### [Work to be completed]
Give back the records in their entirety, exactly.

Records for processing START

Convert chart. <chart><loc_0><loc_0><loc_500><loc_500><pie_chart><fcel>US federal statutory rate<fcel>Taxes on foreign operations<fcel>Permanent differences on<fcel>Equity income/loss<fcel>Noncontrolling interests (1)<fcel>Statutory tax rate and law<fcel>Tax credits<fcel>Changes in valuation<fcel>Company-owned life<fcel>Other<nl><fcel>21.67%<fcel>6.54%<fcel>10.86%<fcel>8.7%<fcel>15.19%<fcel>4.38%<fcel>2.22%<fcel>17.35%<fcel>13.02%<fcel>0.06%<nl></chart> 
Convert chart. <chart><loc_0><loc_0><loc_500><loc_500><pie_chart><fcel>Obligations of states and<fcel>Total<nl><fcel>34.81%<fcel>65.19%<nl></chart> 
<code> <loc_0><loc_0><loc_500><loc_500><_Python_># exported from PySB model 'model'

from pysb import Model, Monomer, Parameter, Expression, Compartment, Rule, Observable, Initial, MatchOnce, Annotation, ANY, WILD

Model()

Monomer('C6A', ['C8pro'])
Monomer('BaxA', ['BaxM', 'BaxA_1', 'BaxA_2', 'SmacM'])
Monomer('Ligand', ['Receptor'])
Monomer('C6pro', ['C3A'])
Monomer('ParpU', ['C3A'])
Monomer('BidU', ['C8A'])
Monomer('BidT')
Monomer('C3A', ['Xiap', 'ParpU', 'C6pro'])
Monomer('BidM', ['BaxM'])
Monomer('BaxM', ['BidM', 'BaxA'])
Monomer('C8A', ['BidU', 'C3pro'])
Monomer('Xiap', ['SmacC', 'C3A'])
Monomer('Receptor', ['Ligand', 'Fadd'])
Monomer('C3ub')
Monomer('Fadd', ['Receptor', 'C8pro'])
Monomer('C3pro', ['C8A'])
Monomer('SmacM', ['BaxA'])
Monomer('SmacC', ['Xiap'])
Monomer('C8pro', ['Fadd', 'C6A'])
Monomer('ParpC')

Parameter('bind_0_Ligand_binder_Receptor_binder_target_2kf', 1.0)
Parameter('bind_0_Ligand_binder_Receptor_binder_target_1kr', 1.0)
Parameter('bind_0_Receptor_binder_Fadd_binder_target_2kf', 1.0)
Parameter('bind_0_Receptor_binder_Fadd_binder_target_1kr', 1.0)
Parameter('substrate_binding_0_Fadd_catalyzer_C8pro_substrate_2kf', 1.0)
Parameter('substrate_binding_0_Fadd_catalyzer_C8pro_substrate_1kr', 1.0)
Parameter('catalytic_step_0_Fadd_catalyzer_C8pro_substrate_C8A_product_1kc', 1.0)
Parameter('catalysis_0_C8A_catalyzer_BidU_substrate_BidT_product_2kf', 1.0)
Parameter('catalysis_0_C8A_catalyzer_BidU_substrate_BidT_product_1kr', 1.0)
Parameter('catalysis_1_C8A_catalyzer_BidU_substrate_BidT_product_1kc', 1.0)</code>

Records for processing END

### [Solution]
Convert chart. <chart><loc_0><loc_0><loc_500><loc_500><pie_chart><fcel>US federal statutory rate<fcel>Taxes on foreign operations<fcel>Permanent differences on<fcel>Equity income/loss<fcel>Noncontrolling interests (1)<fcel>Statutory tax rate and law<fcel>Tax credits<fcel>Changes in valuation<fcel>Company-owned life<fcel>Other<nl><fcel>21.67%<fcel>6.54%<fcel>10.86%<fcel>8.7%<fcel>15.19%<fcel>4.38%<fcel>2.22%<fcel>17.35%<fcel>13.02%<fcel>0.06%<nl></chart> 
Convert chart. <chart><loc_0><loc_0><loc_500><loc_500><pie_chart><fcel>Obligations of states and<fcel>Total<nl><fcel>34.81%<fcel>65.19%<nl></chart> 
<code> <loc_0><loc_0><loc_500><loc_500><_Python_># exported from PySB model 'model'

from pysb import Model, Monomer, Parameter, Expression, Compartment, Rule, Observable, Initial, MatchOnce, Annotation, ANY, WILD

Model()

Monomer('C6A', ['C8pro'])
Monomer('BaxA', ['BaxM', 'BaxA_1', 'BaxA_2', 'SmacM'])
Monomer('Ligand', ['Receptor'])
Monomer('C6pro', ['C3A'])
Monomer('ParpU', ['C3A'])
Monomer('BidU', ['C8A'])
Monomer('BidT')
Monomer('C3A', ['Xiap', 'ParpU', 'C6pro'])
Monomer('BidM', ['BaxM'])
Monomer('BaxM', ['BidM', 'BaxA'])
Monomer('C8A', ['BidU', 'C3pro'])
Monomer('Xiap', ['SmacC', 'C3A'])
Monomer('Receptor', ['Ligand', 'Fadd'])
Monomer('C3ub')
Monomer('Fadd', ['Receptor', 'C8pro'])
Monomer('C3pro', ['C8A'])
Monomer('SmacM', ['BaxA'])
Monomer('SmacC', ['Xiap'])
Monomer('C8pro', ['Fadd', 'C6A'])
Monomer('ParpC')

Parameter('bind_0_Ligand_binder_Receptor_binder_target_2kf', 1.0)
Parameter('bind_0_Ligand_binder_Receptor_binder_target_1kr', 1.0)
Parameter('bind_0_Receptor_binder_Fadd_binder_target_2kf', 1.0)
Parameter('bind_0_Receptor_binder_Fadd_binder_target_1kr', 1.0)
Parameter('substrate_binding_0_Fadd_catalyzer_C8pro_substrate_2kf', 1.0)
Parameter('substrate_binding_0_Fadd_catalyzer_C8pro_substrate_1kr', 1.0)
Parameter('catalytic_step_0_Fadd_catalyzer_C8pro_substrate_C8A_product_1kc', 1.0)
Parameter('catalysis_0_C8A_catalyzer_BidU_substrate_BidT_product_2kf', 1.0)
Parameter('catalysis_0_C8A_catalyzer_BidU_substrate_BidT_product_1kr', 1.0)
Parameter('catalysis_1_C8A_catalyzer_BidU_substrate_BidT_product_1kc', 1.0)</code>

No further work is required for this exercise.